Highland tourism companies are thinking outside of the box to cater for cruise ship passengers, with trips to farms among plans to lure visitors back to the north.
Travellers are looking for something different as the industry recovers from the pandemic, Invergordon’s cruise manager said today.
Allison McGuire was speaking during a presentation about the Highland cruise industry and its recovery plans.
Highland Tourism held the online event in partnership with the Port of Cromarty Firth to discuss the cruise industry specifically. More than 40 members of the Highland tourism community attended.
They were given an overview of the developments within the cruise industry over the last 12 months from representatives of Port of Cromarty Firth.
It was reported that cruise ship bookings at Invergordon in 2022 are expected to surpass 2019 figures as people will have a renewed appetite for exploration.
The cruise business next year will be worth in the region of £20 million to the local economy and is set to exceed passengers numbers in 2019 0f 167,000.
Ms McGuire said the region should find new ways to cash in through offering some more authentic experiences.
She said: “This is a fantastic opportunity to create new tours for our returning guests.
“Passengers want to be immersed in wildlife. They want to see Highland cattle, they want to see how a local farm works.
“They want more heritage, we need to get tours with storytellers in fancy dress. They want to interact with local people. They want more traditional food and drink.
“It is not going to be all coach tours going forward. We need to think outside the box.

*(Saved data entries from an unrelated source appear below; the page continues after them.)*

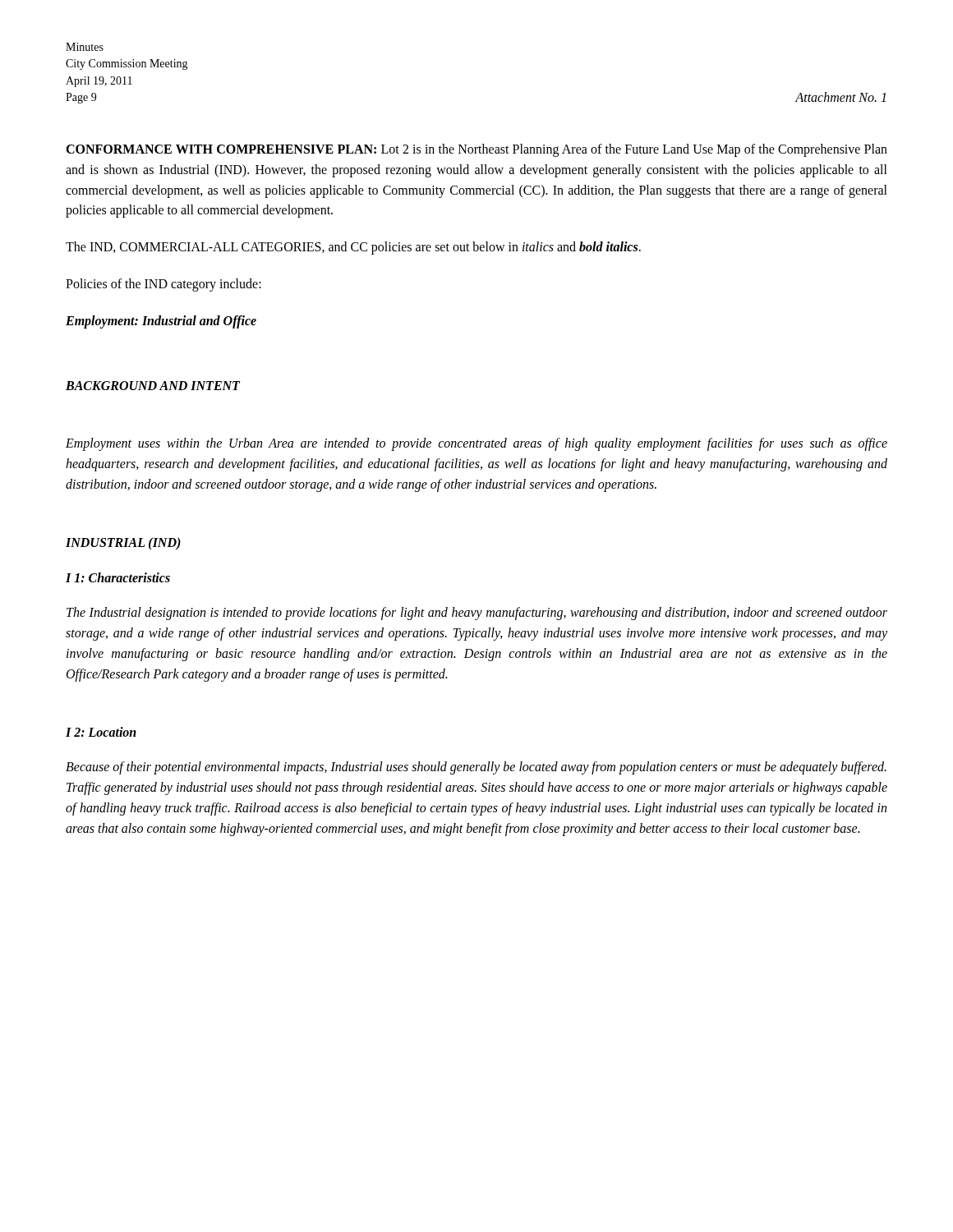Locate the section header with the text "Employment: Industrial and Office"

161,321
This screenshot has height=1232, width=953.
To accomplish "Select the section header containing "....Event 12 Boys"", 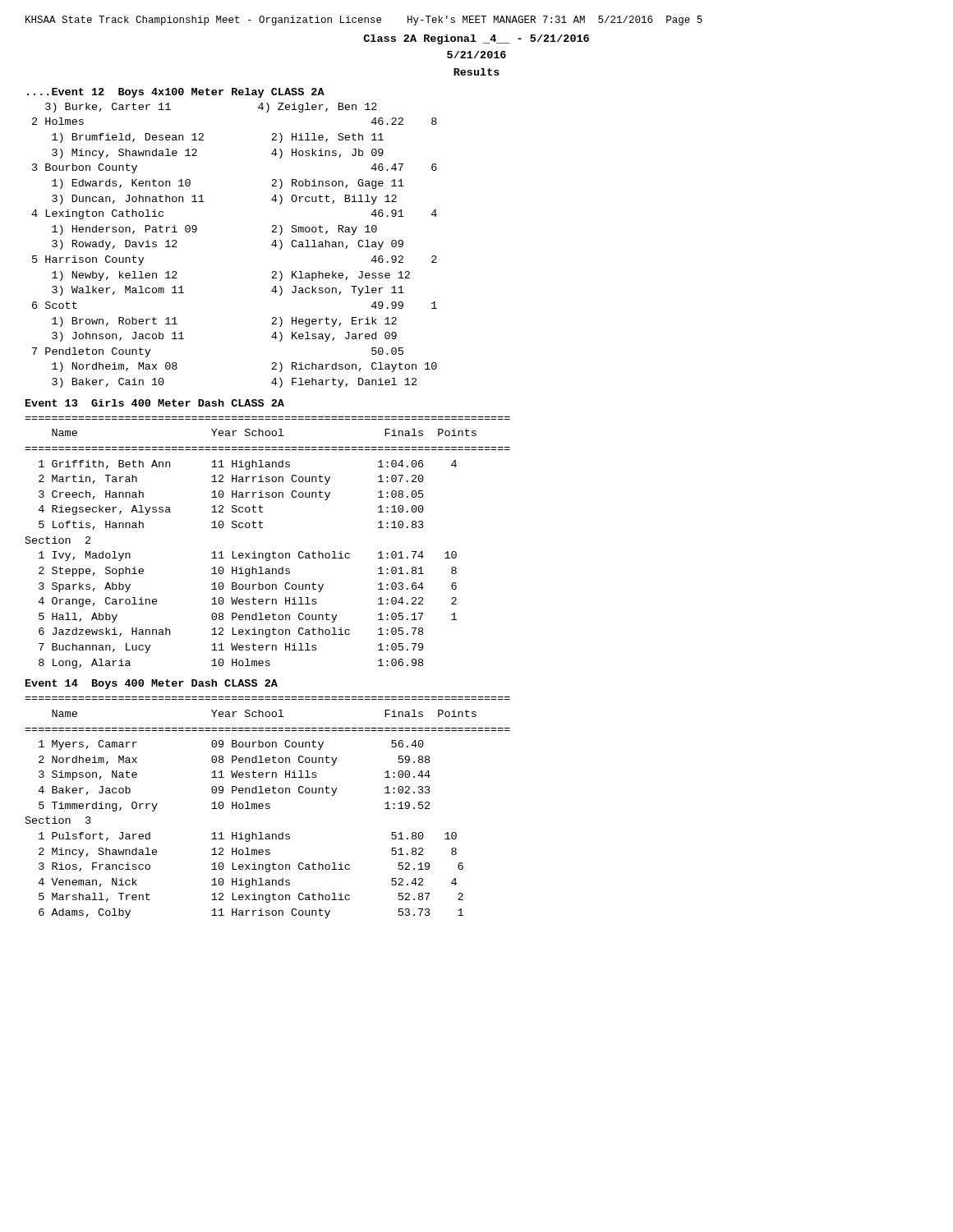I will click(x=174, y=92).
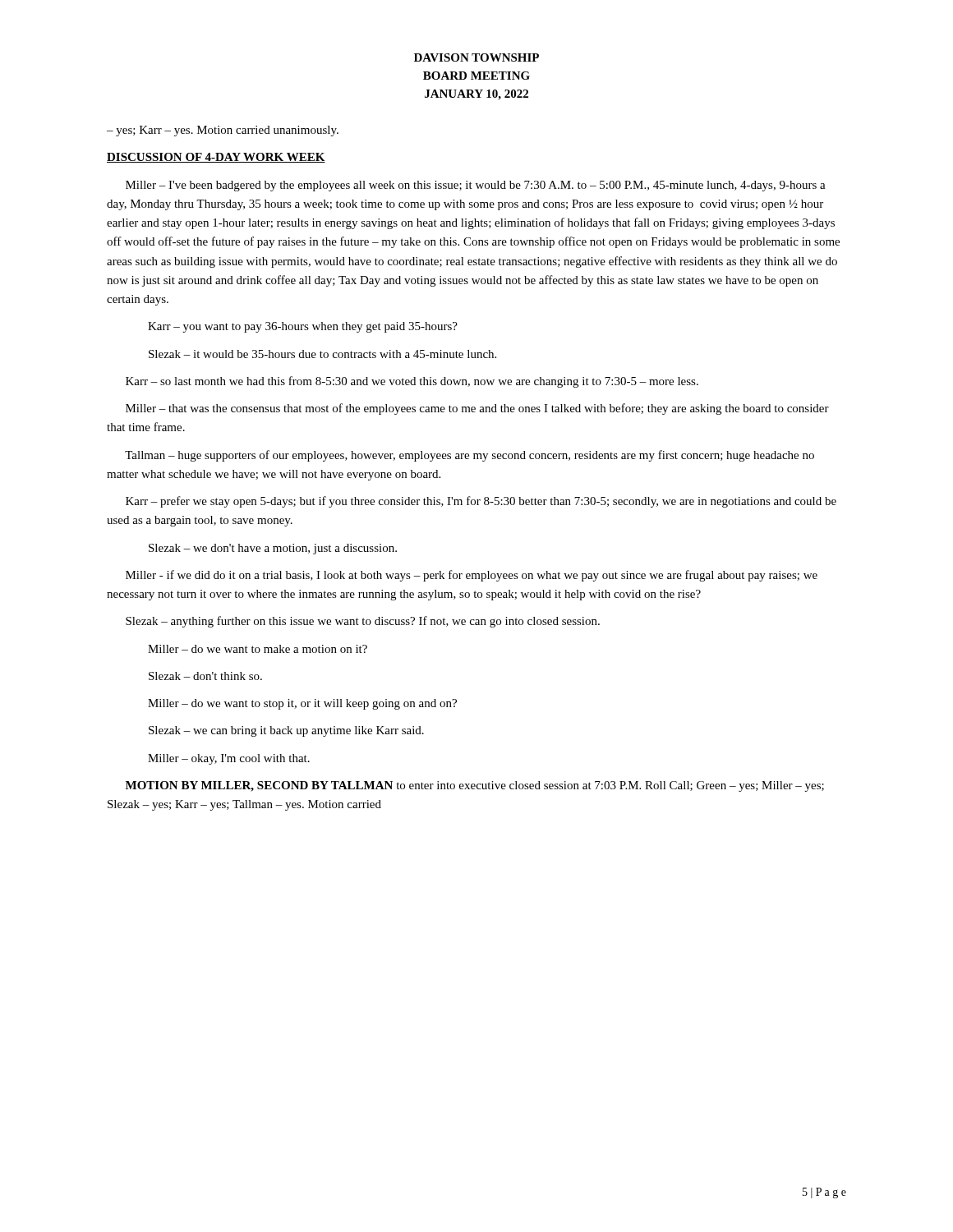Click on the text block that says "Tallman – huge supporters"

[x=476, y=465]

What can we offer that no-one else is offering?”
She added: “Today was a great opportunity to work with Highland Tourism to communicate our optimism for the future of cruise business in the Highlands to members of the local tourism community.
“With a high level of demand for port calls for 2022 and work ongoing by the Scottish Government for the safe reintroduction in 2021 when restrictions are lifted, we are confident that we will see this sector bounce back.”
Attendees heard that 60% of all passengers to Invergordon were from Germany and the USA in 2019, with a growing desire to have unique and authentic Highland experiences including more food and drink and adventure offerings.
Ms McGuire said: “The outlook is indeed very comforting however we must rethink how we do things and up our game in the Highlands to ensure we continue to deliver a unique and memorable experience for visitors.
“I welcome tourism businesses from across all sectors to make contact with us with ideas they may have – a collaborative approach will assist in the success and continued growth of cruise business in the Highlands and value to the local economy.”
The cruising industry has worked hard on the “road to restart” and extensive protocols are now in place for when cruising is permitted again, with stringent staff and passenger pre-embarkation testing and distancing in place along with strict processes for shore excursions.
Highland Tourism co-founder, Yvonne Crook, said: “Today’s Highland Tourism Talks: Cruising event with Port of Cromarty Firth was encouraging, particularly in hearing the positive outlook for 2022.
“This is just one sector in tourism across the Highlands and its value underpins Highland Tourism CIC’s message that a comprehensive and collaborative come-back plan for tourism in the Highlands is critically needed to ensure that both businesses and communities survive and thrive.”